When asked about Santana Row’s 750 page submission, IOC president Jacques Rogge, of Belgium reacted with, “Who?”

“It doesn’t surprise me that they have never heard of Santana Row,” said Paul Krutko, Director of San Jose’s Office of Economic Development.  “You’re talking centuries of history when you mention the world-class cities that they’re competing against.  For God’s sake they’ve only been open for a year.”

Most point to the negatives that might prevent a smaller venue, such as a mall, from receiving a “hella-bad” or “tight” branding - key code words in the lexicon of the Olympic movement for gaining approval.
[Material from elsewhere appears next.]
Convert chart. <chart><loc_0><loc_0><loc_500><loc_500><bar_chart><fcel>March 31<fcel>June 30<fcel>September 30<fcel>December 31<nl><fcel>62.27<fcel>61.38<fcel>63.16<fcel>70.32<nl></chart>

“They’re not a city!  They don’t have any sporting venues.  No major public transportation to and from the site.  And they only have one, unisex bathroom!!” announced a befuddled Milan representative.

But supporters say that’s just sour grapes and point to the wonderful selection of restaurants, retailers, and Hummers for sale. 
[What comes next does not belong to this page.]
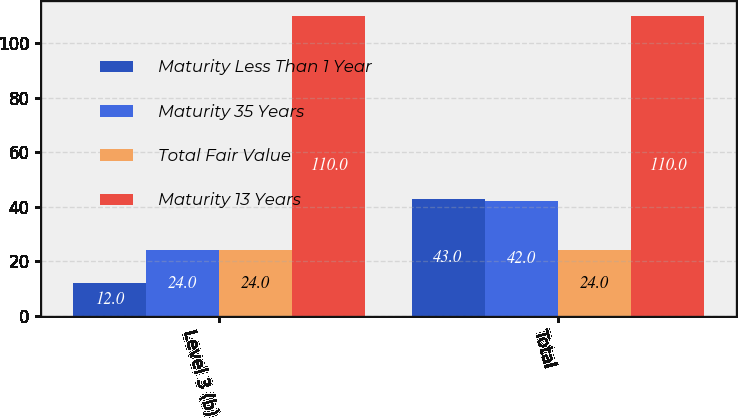Convert chart to OTSL. <chart><loc_0><loc_0><loc_500><loc_500><stacked_bar_chart><ecel><fcel>Level 3 (b)<fcel>Total<nl><fcel>Maturity Less Than 1 Year<fcel>12<fcel>43<nl><fcel>Maturity 35 Years<fcel>24<fcel>42<nl><fcel>Total Fair Value<fcel>24<fcel>24<nl><fcel>Maturity 13 Years<fcel>110<fcel>110<nl></chart> 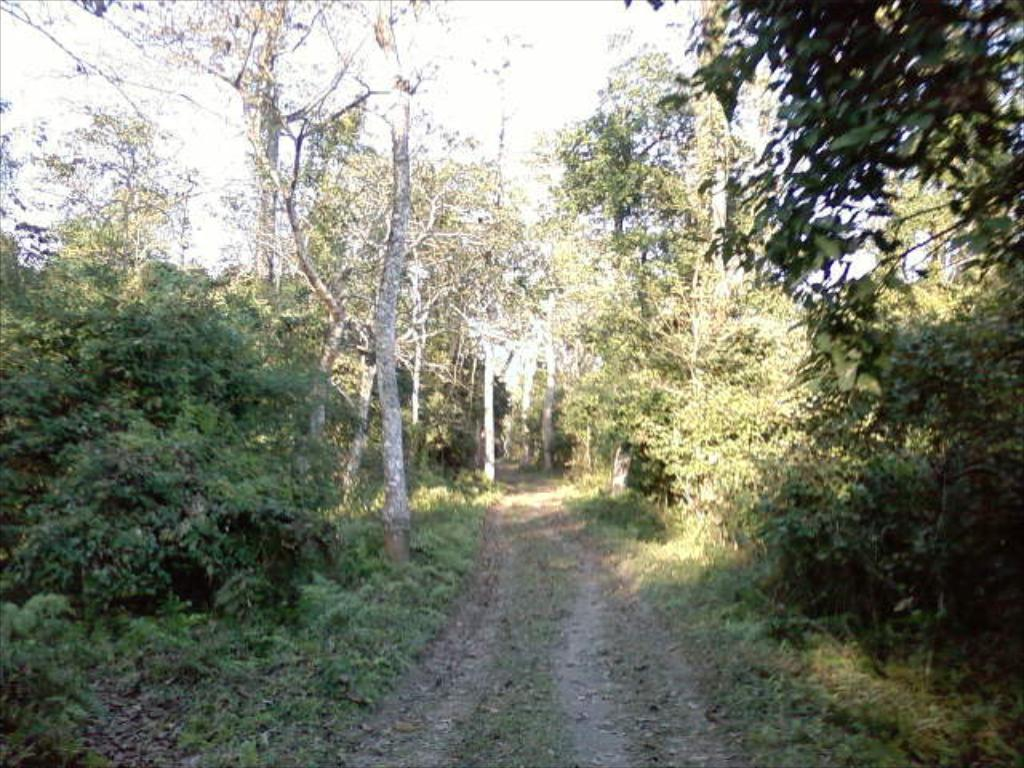What is the main feature in the middle of the image? There is a path in the middle of the image. What can be seen on both sides of the path? There are trees on both sides of the path. What is the condition of the sky in the image? The sky is clear in the image. What type of pancake is being served in harmony with the trees in the image? There is no pancake present in the image, and the concept of harmony with the trees is not applicable to the image.

The 23 member team in charge of Santana Row’s Olympic bid are so confidant of their chances to host, they have spent millions of dollars coming up with a mascot.  “Platty” is designed in the likes of a platinum American Express card that they say will send economic and financial good will to malls across the globe.

“This is really as selfless an act as you can get,” said Chief Negotiator Stan Berliner.

23 Comments

  1. That’s right IV!

    Fiscalini should just roll up to a convenience store and play some Lotto.  The Santana Row bid is a delusional idea – up there with New Coke and the XFL.

  2. There’s one other thing downtown doesn’t have that Santana Row has – TRAFFIC!!!!!!! Horrendous traffic!  And when building the Disneyland look-alike, all the planning committees said traffic wouldn’t be an issue – HA!!!!  I live in the neighborhood and make every attempt to avoid that whole area – it’s a total joke!  I’m considering moving closer to downtown.

  3. I hope the committee didn’t forget to emphasize the A rating they have in the traffic department.  Getting off the freeway at Steven’s Creek has never been so enjoyable!

  4. I sincerely hope that this is some bad joke.  Unfortunately, this shows the type of people that NOW represent San Jose. 

    These people have no perspective of our cities past and now concept of a plan for the future other making as profit as possible.  It is a disgrace that individuals like this are allowed to make our city look incredibly foolish and naive – exactly what anyone who would promote this lunacy surely is.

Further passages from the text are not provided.